▶ **Goal of the exercise**: Only the lines from the start of the data through the one containing "9. barrel/bucket <box>543,224,597,260</box>" belong in your answer; return them exactly.

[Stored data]
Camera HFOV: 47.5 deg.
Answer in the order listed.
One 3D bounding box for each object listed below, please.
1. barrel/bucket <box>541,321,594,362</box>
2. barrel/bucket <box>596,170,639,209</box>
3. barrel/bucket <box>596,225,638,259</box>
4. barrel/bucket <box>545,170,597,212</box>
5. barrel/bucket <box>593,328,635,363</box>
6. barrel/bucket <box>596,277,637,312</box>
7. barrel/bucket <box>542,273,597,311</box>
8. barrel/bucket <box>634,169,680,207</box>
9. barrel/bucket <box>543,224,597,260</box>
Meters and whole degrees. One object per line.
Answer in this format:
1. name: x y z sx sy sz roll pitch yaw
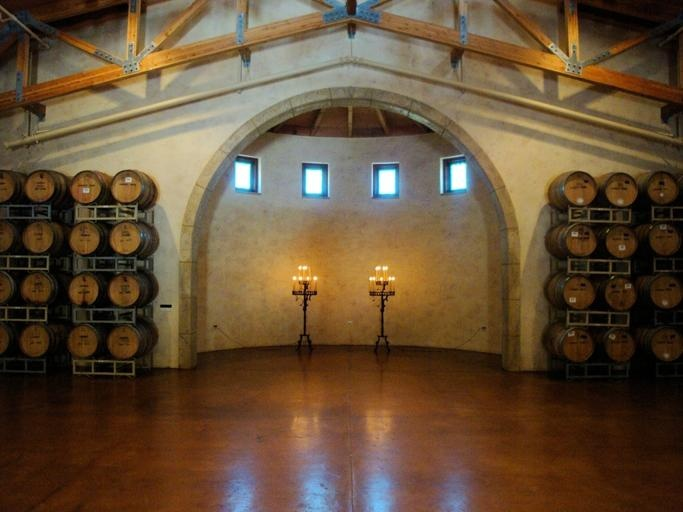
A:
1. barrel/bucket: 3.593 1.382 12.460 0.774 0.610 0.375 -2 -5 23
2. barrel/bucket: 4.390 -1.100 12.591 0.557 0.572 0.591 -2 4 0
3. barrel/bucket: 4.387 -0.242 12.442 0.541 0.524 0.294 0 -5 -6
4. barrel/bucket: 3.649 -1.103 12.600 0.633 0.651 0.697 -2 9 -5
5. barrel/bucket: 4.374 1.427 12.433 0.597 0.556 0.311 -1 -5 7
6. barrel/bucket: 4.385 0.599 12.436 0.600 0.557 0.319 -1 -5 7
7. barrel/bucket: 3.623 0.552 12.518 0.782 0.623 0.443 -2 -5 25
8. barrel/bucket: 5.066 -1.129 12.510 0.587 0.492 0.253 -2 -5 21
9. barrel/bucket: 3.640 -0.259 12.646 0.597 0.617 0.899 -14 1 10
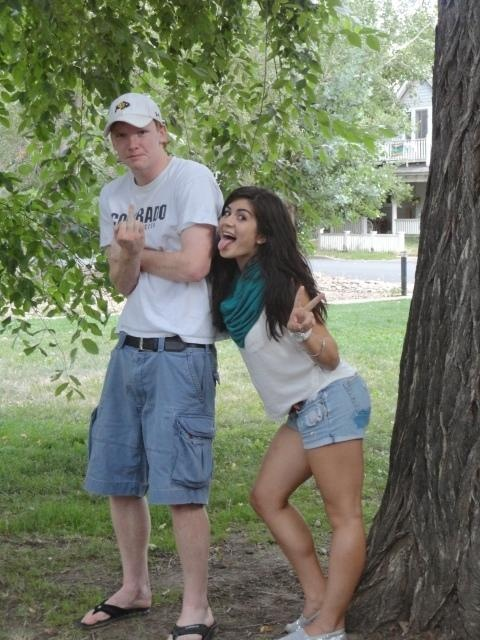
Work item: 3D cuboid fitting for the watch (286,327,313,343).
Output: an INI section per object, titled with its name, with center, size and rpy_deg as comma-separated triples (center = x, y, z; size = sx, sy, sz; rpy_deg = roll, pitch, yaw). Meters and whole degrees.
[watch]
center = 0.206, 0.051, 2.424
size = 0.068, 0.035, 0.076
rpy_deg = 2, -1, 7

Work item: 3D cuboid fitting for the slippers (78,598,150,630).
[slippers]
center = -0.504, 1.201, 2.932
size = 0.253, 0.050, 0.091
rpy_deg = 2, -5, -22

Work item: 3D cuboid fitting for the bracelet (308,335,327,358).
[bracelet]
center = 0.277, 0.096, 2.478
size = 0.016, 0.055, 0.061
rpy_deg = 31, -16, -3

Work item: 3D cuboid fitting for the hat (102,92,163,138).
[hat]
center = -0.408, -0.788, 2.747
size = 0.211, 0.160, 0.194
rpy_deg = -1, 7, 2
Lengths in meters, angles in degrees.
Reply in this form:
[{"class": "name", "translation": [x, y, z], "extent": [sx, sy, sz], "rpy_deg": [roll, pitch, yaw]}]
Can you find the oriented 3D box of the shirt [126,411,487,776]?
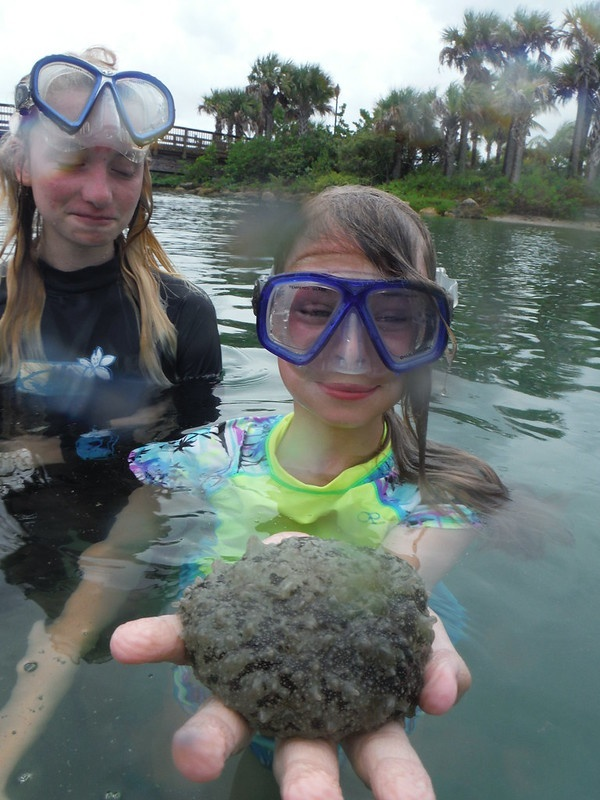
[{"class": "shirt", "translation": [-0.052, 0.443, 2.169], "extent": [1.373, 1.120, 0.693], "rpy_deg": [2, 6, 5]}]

▶ **Task response**:
Camera HFOV: 47.5 deg.
Answer in the order listed.
One 3D bounding box for each object listed below, please.
1. barrel/bucket <box>541,321,594,362</box>
2. barrel/bucket <box>596,170,639,209</box>
3. barrel/bucket <box>596,225,638,259</box>
4. barrel/bucket <box>545,170,597,212</box>
5. barrel/bucket <box>593,328,635,363</box>
6. barrel/bucket <box>596,277,637,312</box>
7. barrel/bucket <box>542,273,597,311</box>
8. barrel/bucket <box>634,169,680,207</box>
9. barrel/bucket <box>543,224,597,260</box>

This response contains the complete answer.